Ze streed door tot het bittere eind: de Noord-Nederlandse advocaat-stagiaire aan wie de Orde van Advocaten een stageverklaring had geweigerd wegens ongeschiktheid voor het vak. Zij mag nu definitief geen advocaat meer zijn: de Raad van State heeft 13 juni beslist dat de weigering terecht is geweest en dat de rechtbank Overijssel hierover correct heeft geoordeeld.
De algemene raad van de Orde van Advocaten Noord-Nederland verleent in augustus 2016 de stagiaire-onderneemster niet de gewenste verklaring dat haar advocaatstage is voltooid. Als haar beroep tegen dit besluit door dezelfde raad ongegrond wordt verklaard, stapt ze naar de rechter. Die geeft haar eveneens geen gelijk, waarna de gang naar de Raad van State volgt. In de tussentijd is zij eind maart 2017 van het tableau geschrapt: tot dat moment was ze zonder stageverklaring blijven doorwerken als advocaat.

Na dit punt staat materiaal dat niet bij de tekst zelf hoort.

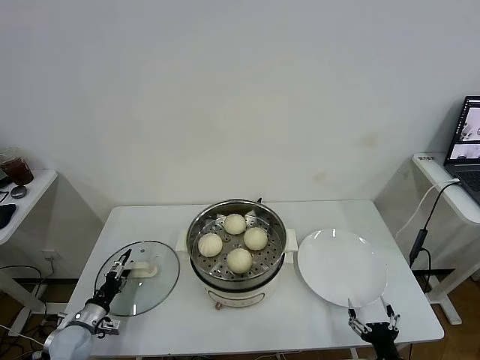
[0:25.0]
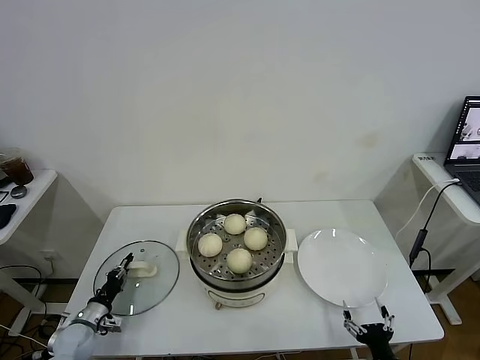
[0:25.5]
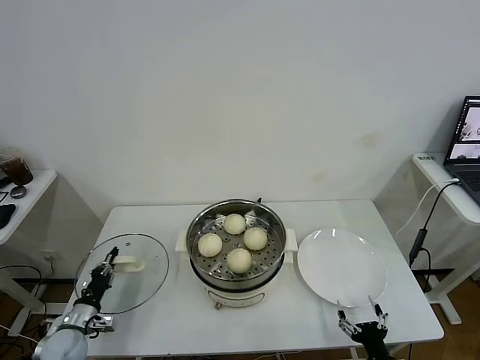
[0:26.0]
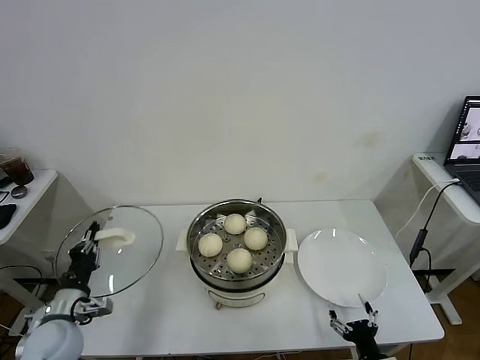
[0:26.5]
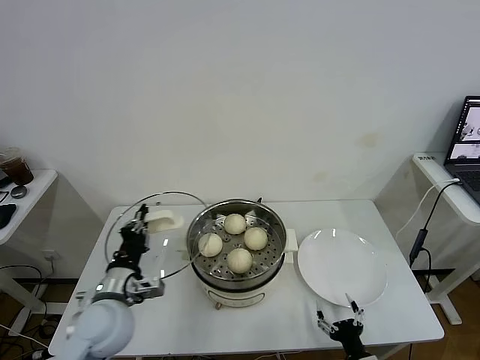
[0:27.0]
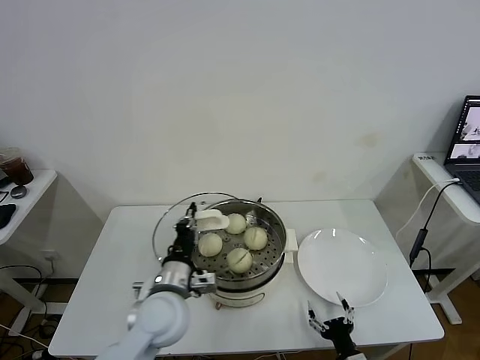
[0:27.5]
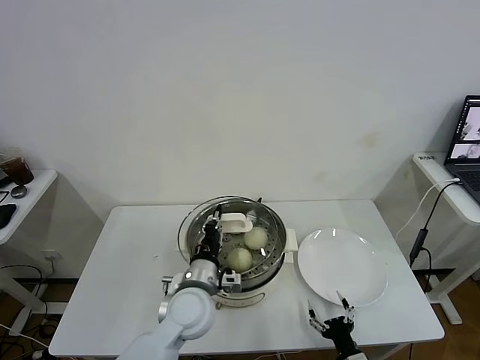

De algemene raad van de orde heeft meerdere redenen om haar buiten de advocatuur te houden. Zo ontbreekt het haar aan voldoende praktijkervaring – de begeleiding bij strafzaken liet schijnbaar te wensen over – en haar kantoor staat er financieel zwak voor. Bovendien mankeert er het nodige aan haar ‘grondhouding als advocaat’. Er zijn acht ‘klachtwaardige incidenten’ gemeld, zowel binnen als buiten de rechtbank.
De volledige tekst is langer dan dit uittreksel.